En arrivant sur le boulevard de la Plage, je lui propose de passer par le centre
avant de remonter vers le phare. En parfaite guide touristique, je lui fais
découvrir l’incontournable boulangerie Frédélian et la poissonnerie Boulan.
- Et pour terminer ce tour d’horizon, la petite supérette du coin ! Si tu veux
trouver un supermarché digne de ce nom, tu es obligé de retourner à
Claouey, à une quinzaine de kilomètres d’ici.
En voyant le gros matou à poil roux qui arrive vers nous, je m’exclame:
- Quelle bonne surprise !
Je me baisse pour le caresser.
- C’est ton chat ?
- Non, mais il passe me voir de temps à autre aux Cabanes. La première
fois qu’il est venu, il n’était pas en forme. Je l’ai nourri et depuis, on est
amis.
- Il a un nom ?
- Benoît et les enfants l’appellent Garfield et moi… Siddharchat !
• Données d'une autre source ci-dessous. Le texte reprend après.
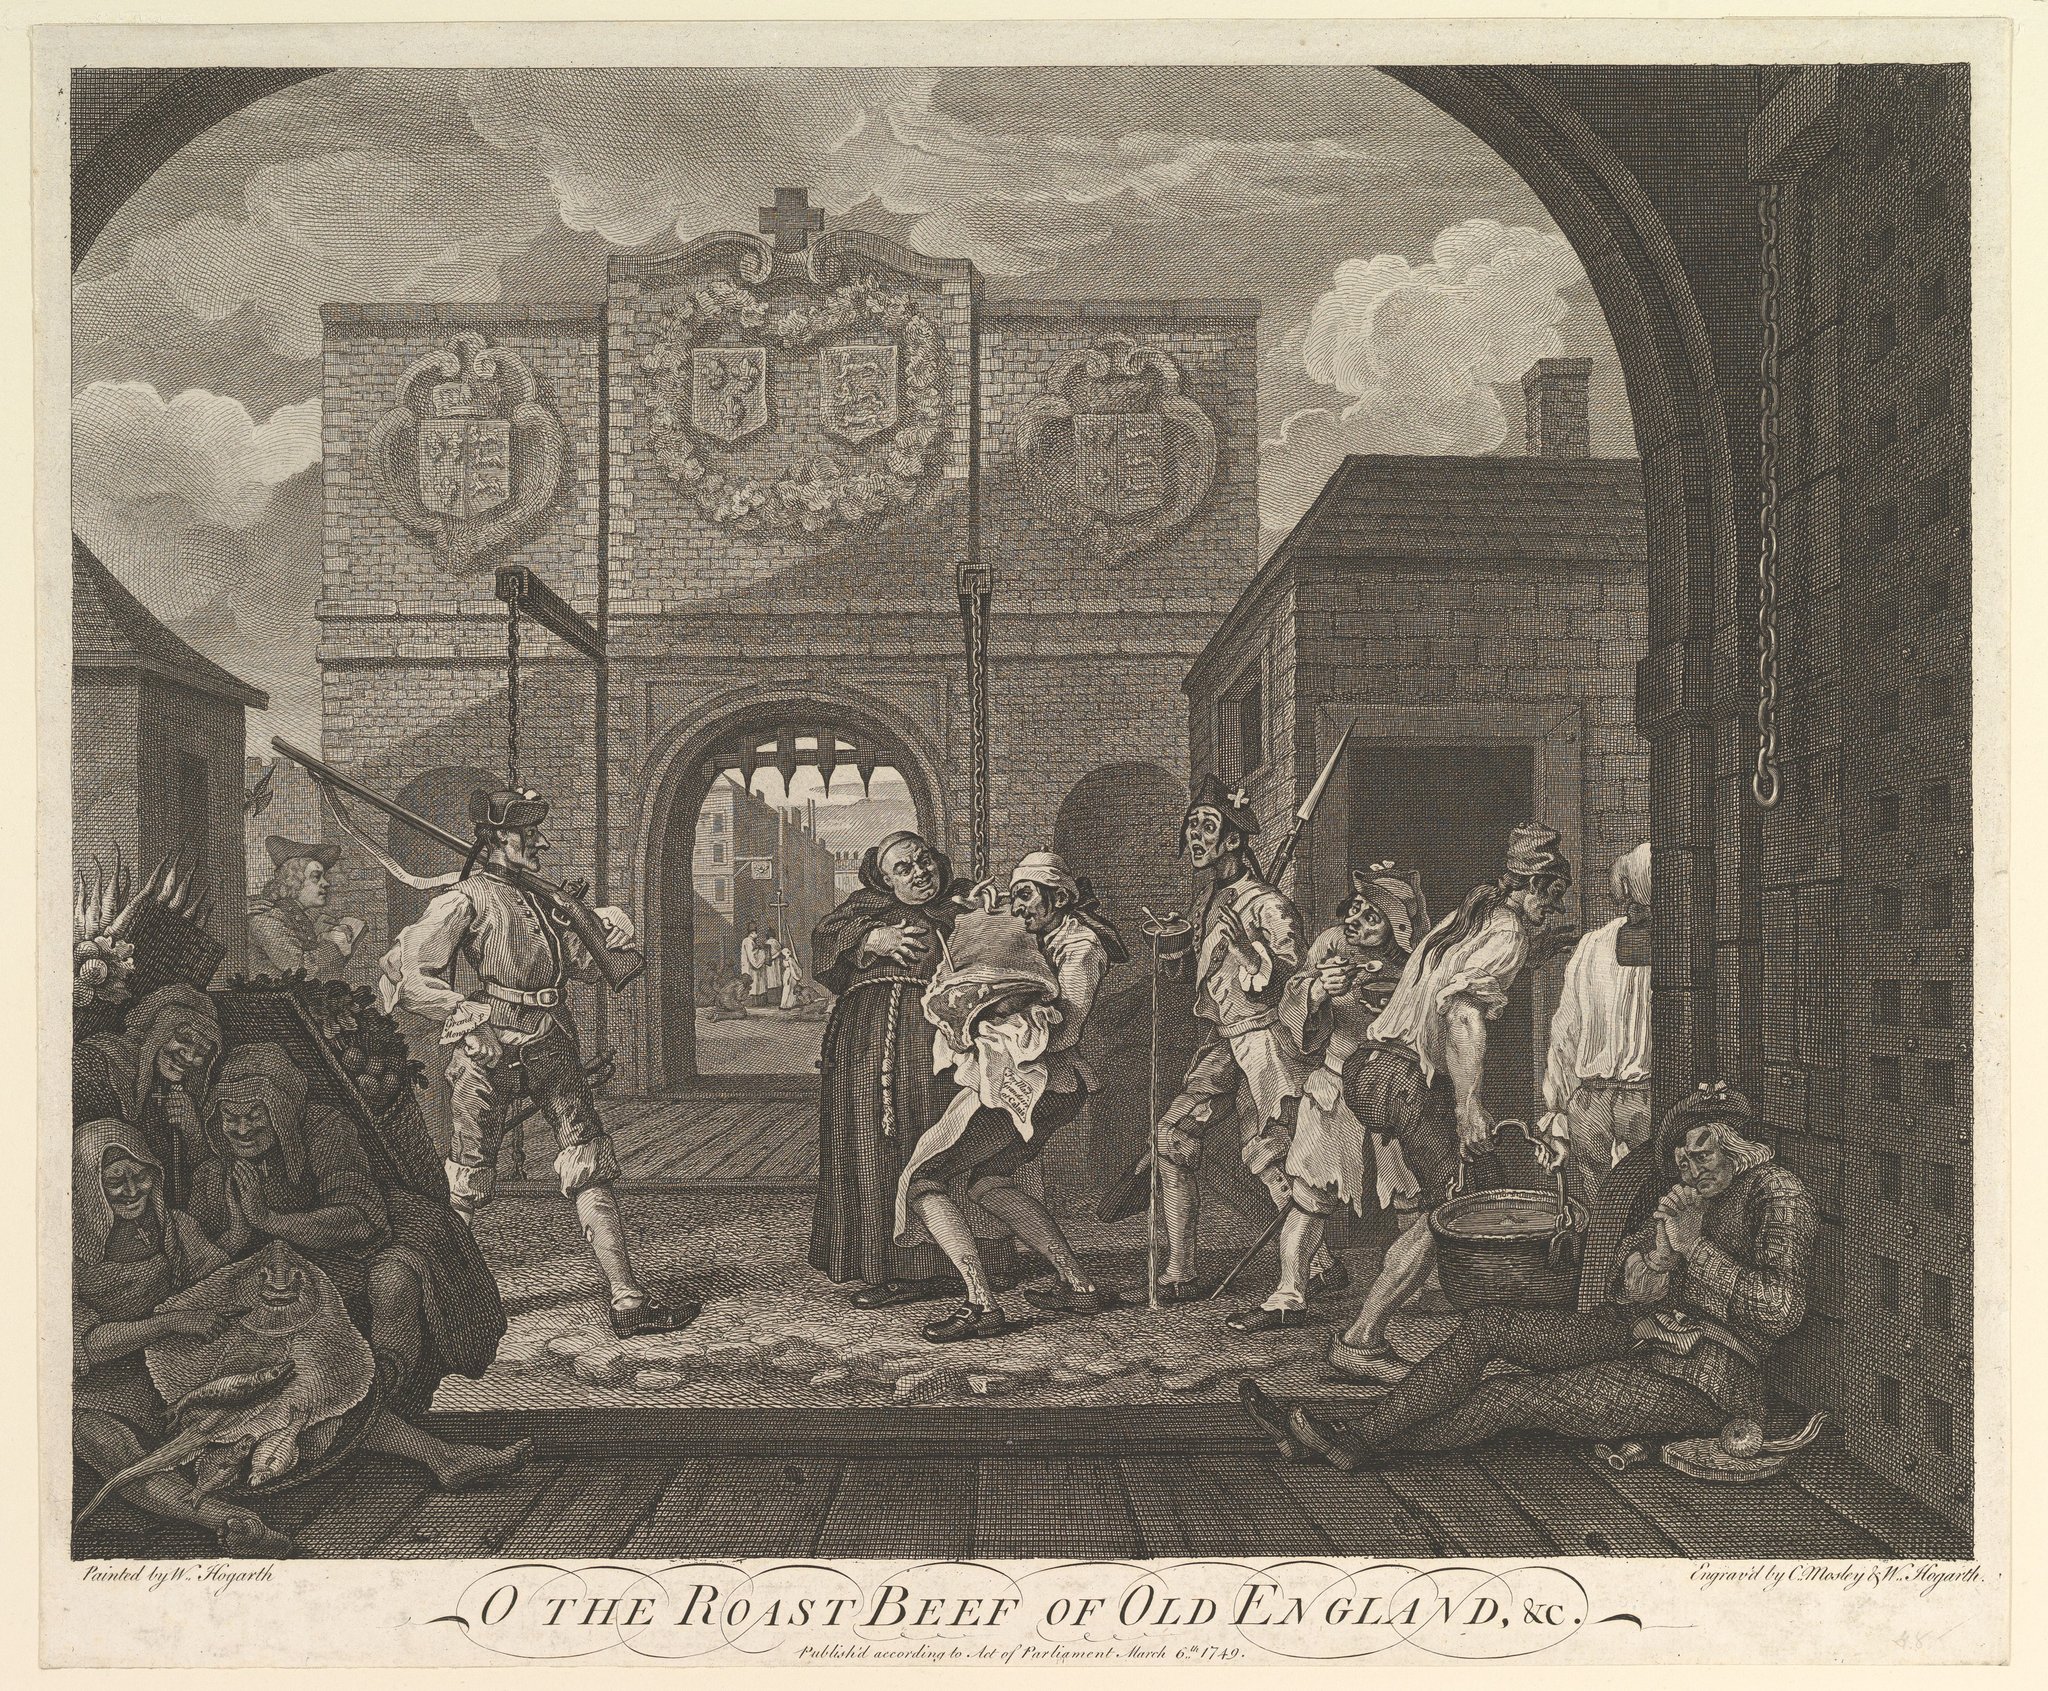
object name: print
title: O the Roast Beef of Old England--The Gate of Calais
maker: william hogarth
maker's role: artist
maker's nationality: british
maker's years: 1697-1764
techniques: engraving, etching
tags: food,architecture,gates,towns,soldiers,vegetables,men,fish,cauldrons,baskets,clergy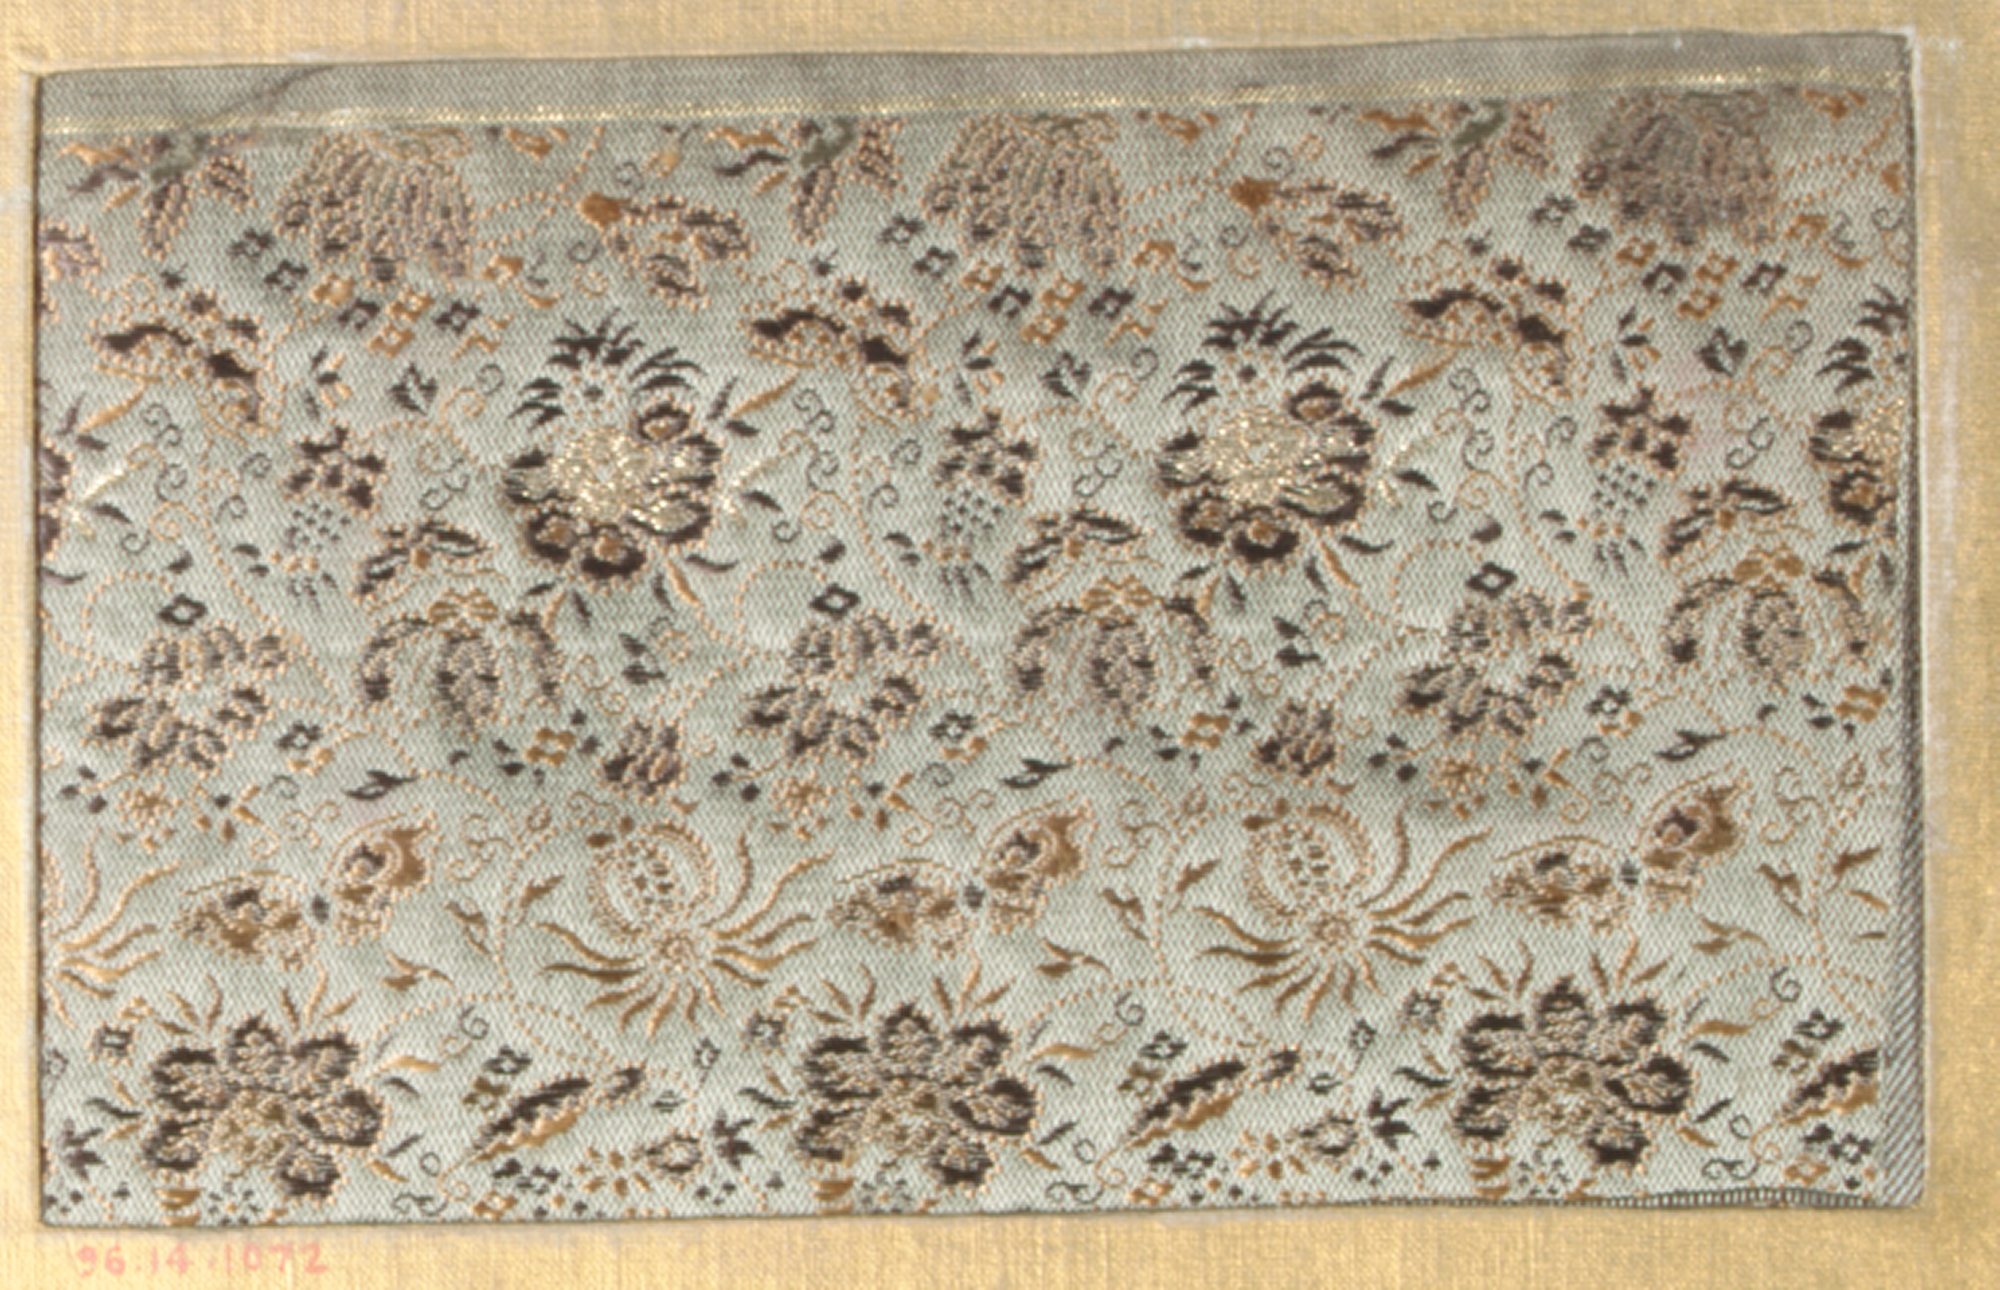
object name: piece
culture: japanese
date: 1701-1900
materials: silk

Samuel se marre en entendant ce jeu de mots. Je me relève et nous reprenons
notre marche.
- Est-ce que tu sais où je peux trouver un surf-shop ? J’aimerais aller me
louer une planche.
- Je te conseille le ManlyShop, sur la rue des Mouettes.
Je m’arrête et lui montre le bout de la rue.
- Dis-leur que tu loges aux Cabanes, ils te feront un prix.
- Merci pour cette balade, Mathilde.
- À plus tard…
Je m’éloigne tranquillement, mon « chat-peron » roux toujours sur mes talons.
Cette marche improvisée avec Samuel était très agréable. La gêne du début
s’est vite transformée en une franche camaraderie. Je réalise qu’il ne m’a même
pas parlé de son documentaire. C’est assez smart de sa part, sachant
qu’« accessoirement » c’est pour ça qu’il est venu.
- Tant qu’il joue au vacancier, moi ça me va ! lançais-je en riant à
Siddharchat, alors que nous arrivons aux Cabanes.